Geçtiğimiz hafta Morakot Tayfunu Çin'in Doğu sahillerini yıktı geçti.
Tayfun 4 milyon kişiyi etkiledi. Şiddeti o kadar büyüktü ki 1 milyon kişi evlerini terk etmek zorunda kaldı. Tayfunun yarattığı toprak kaymaları binaların yıkılmasına çok sayıda insanın enkaz altında kalmasına neden oldu. Kaç kişinin enkaz altında kaldığı ise bilinmiyor.
Japonya'da ise Etau Tayfunu seller ve toprak kaymalarına neden oldu.
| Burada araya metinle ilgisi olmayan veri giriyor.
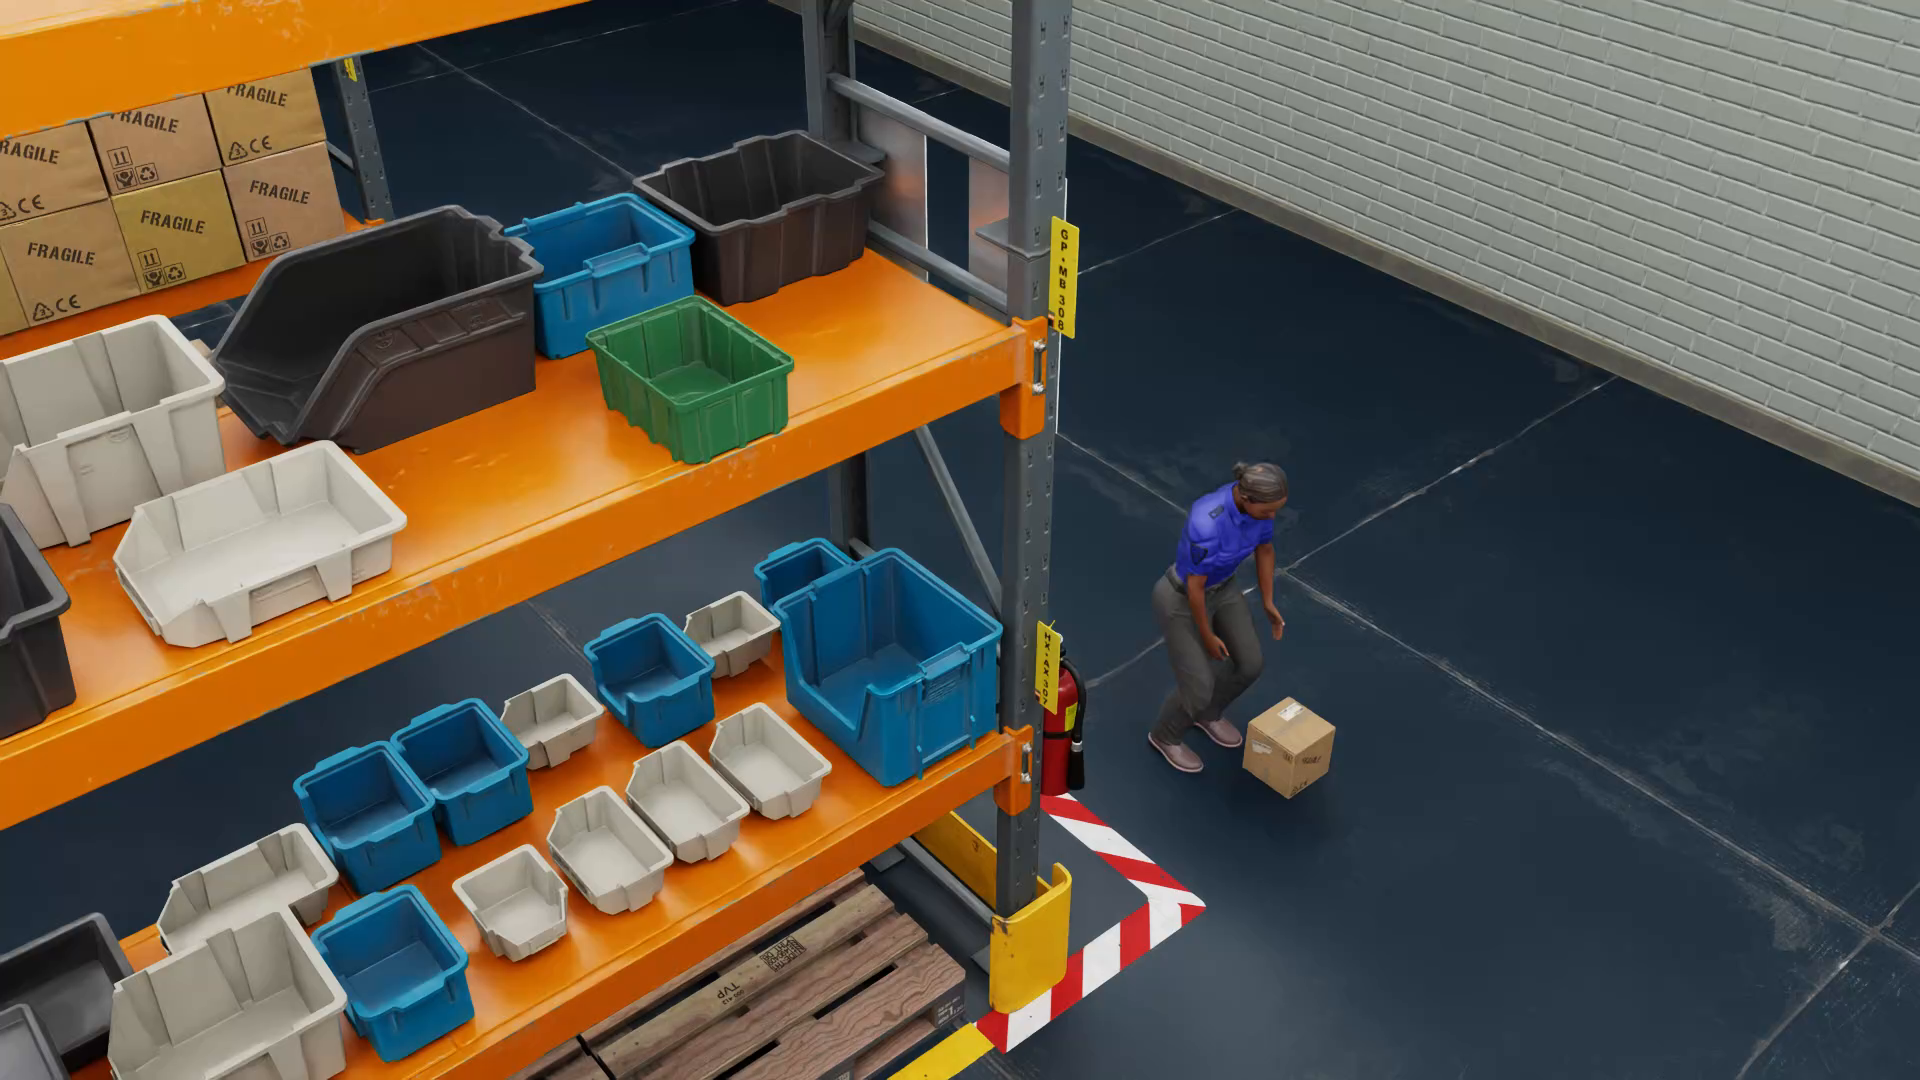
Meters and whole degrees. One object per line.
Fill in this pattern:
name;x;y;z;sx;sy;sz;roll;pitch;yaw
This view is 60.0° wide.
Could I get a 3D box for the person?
person;1.065;0.271;6.832;0.480;1.526;0.492;-26;43;-31

Çin'den önce Tayvan'ın güneyini etkisi altına alan Morakot Tayfunu sonucunda hala 800 kişinin kayıp olduğu bildirildi. Tayvan'da 37 kişi tayfun nedeniyle öldü, onlarca insan kayıp. Sellerin getirdiği çamur insanları ve canlıları yuttu. Binalar, evler yıkıldı. Ölenlerin çoğu yaşlılar ve çocuklar.

Şirketlerin cinayeti
2005 yılında orta şiddetli Katrina kasırgası New Orleans'ta 2 bin kişinin ölümüne neden olmuştu. 1970 yılında ise Bangladeş'i etkisi altına alan siklon 300 bin kişiyi öldürdü. Bugün Morakot ve Etau. Kasırgaların, tayfunların durmayacağı belli. Eğer iklim değişimine karşı önlem alınamazsa, benzeri felaketlerin şiddetini artırarak milyonlarca yoksul insanı ve etkisi altına aldığı bölgedeki tüm canlı yaşamını yok edeceği de belli.
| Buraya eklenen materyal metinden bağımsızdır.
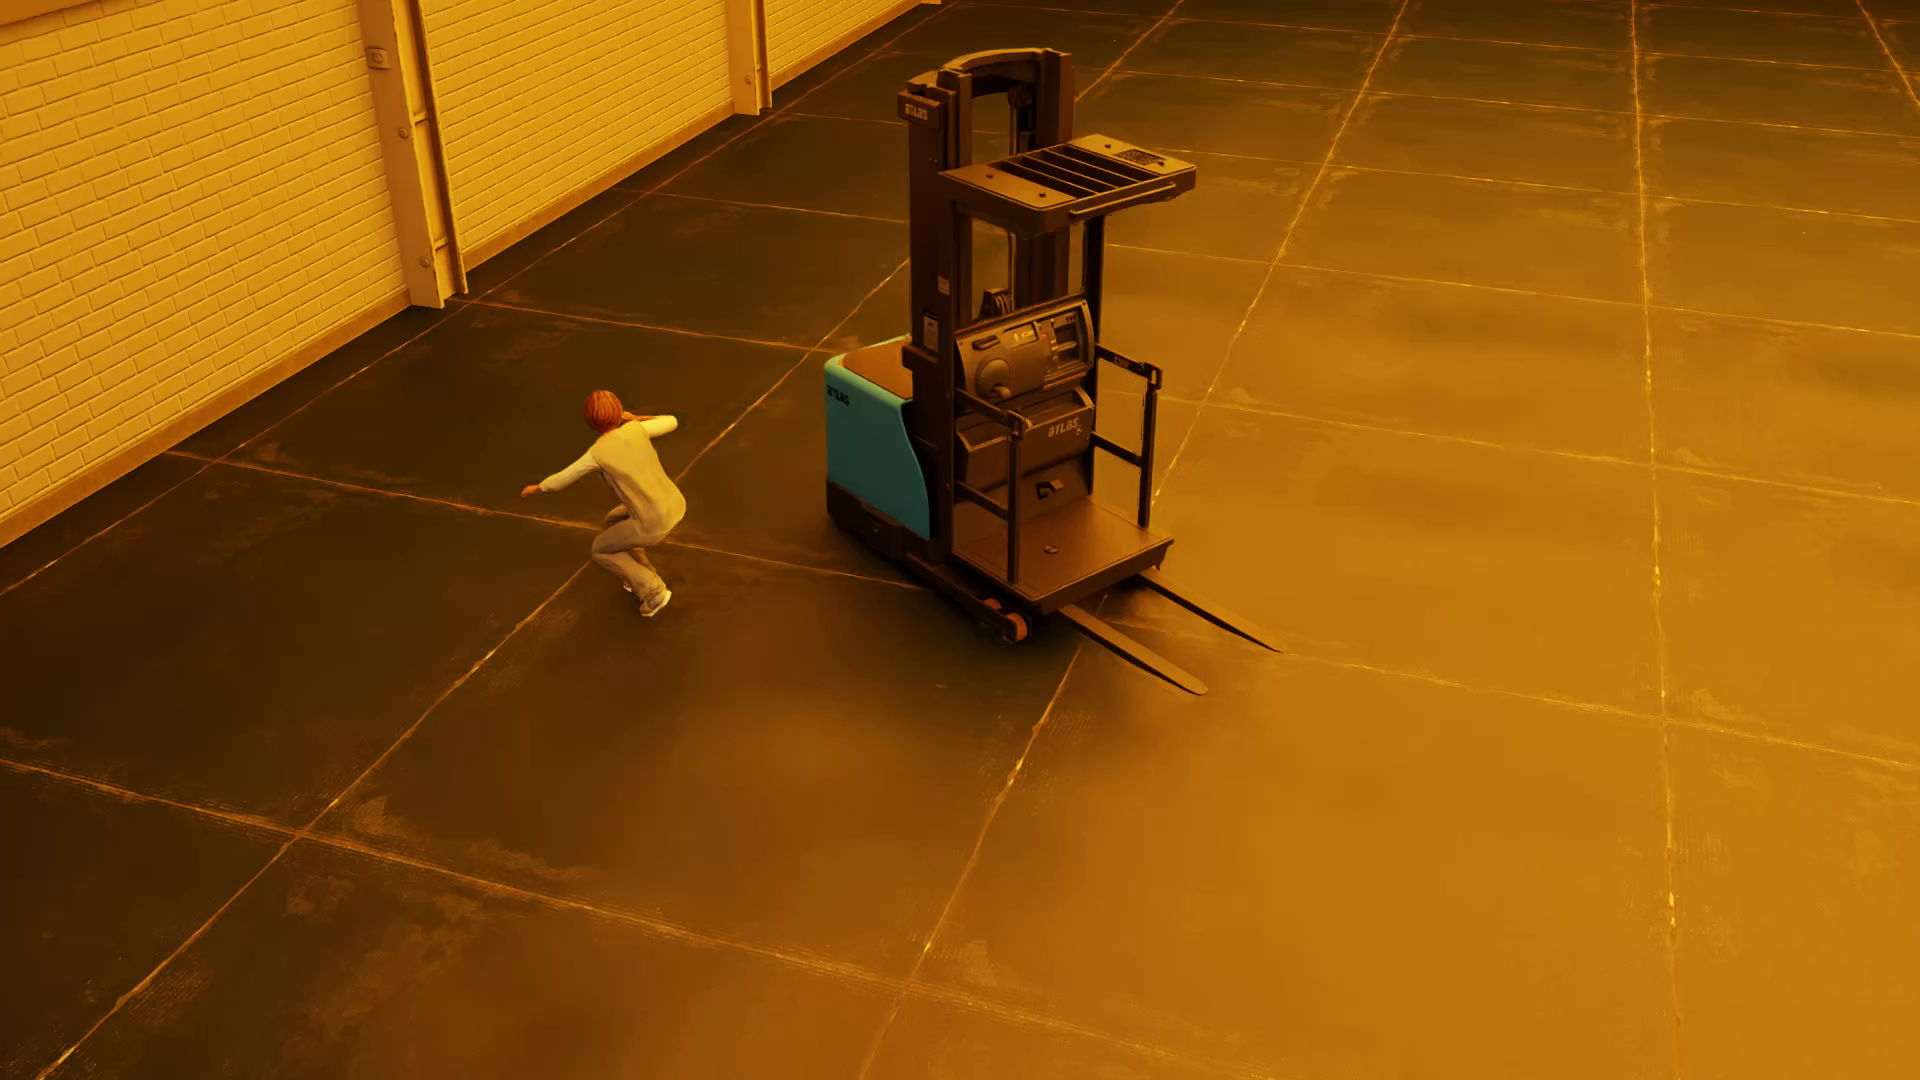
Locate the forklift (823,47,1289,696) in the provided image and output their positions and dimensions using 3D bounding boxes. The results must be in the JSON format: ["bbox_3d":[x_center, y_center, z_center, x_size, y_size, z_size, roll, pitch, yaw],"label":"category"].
[{"bbox_3d":[0.498,-0.990,8.873,1.130,2.935,3.031,-22,36,-33],"label":"forklift"}]

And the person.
[{"bbox_3d":[-1.911,-0.241,9.185,0.881,1.324,0.680,14,32,22],"label":"person"}]

2009 yılı içinde iki büyük toplantı gerçekleşti. Önce G20'ler, ardından G8'ler toplandı. Dünyanın en etkili devletleri ve en büyük ekonomilerinin toplantısında, küresel ısınmadan sık sık söz edilse de hiçbir ciddi adıma, iklim değişimine karşı kararlı tedbirlere yol açacak karar alınmadı.
Bu devletler, iklim değişimine neden olan kapitalist sanayinin efendilerine göbekten bağlı olduğu ve bu şirketlerin sözcüsü gibi çalıştığın için, tersini düşünmek, hayalcilik olacaktır. G20 ülkeleri, fosil yakıt kullanımını sınırlamadığı ve radikal bir oranda, %80 oranında düşürmediği sürece iklim değişimine bağlı felaketlerin dizginlenmesi mümkün değil. Taylan'da sellerin yığdığı çamurların altında kalan yoksullar, neredeyse dünya karbon salımının beşte birini gerçekleştiren ABD'nin enerji çılgınlığının bedelini ödedi. Sadece ABD değil, Almanya, İngiltere, Kanada gibi ülkelerde kişi başına düşen karbon salımı iklim değişiminde hangi ülkelerin öncelikli sorumluluğu olduğunu gösteriyor.
Bugün atmosferdeki karbondioksit oranı, milyonda 385 parçacık. Karbondioksit oranı milyonda 350 parçacığa inmeden küresel ısınmaya bağlı felaketlerin azalması mümkün değil. Tersine felaketlerin şiddetlenerek süreceğini söylemek için kâhin olmaya gerek yok. Bu yüzden 24 Ekim'de dünya çapında gerçekleşecek ve Türkiye'de Küresel Eylem Grubu tarafından koordine edilecek eylem çok önemli. Eylemin temel sloganı, "350 ppm, hemen, şimdi!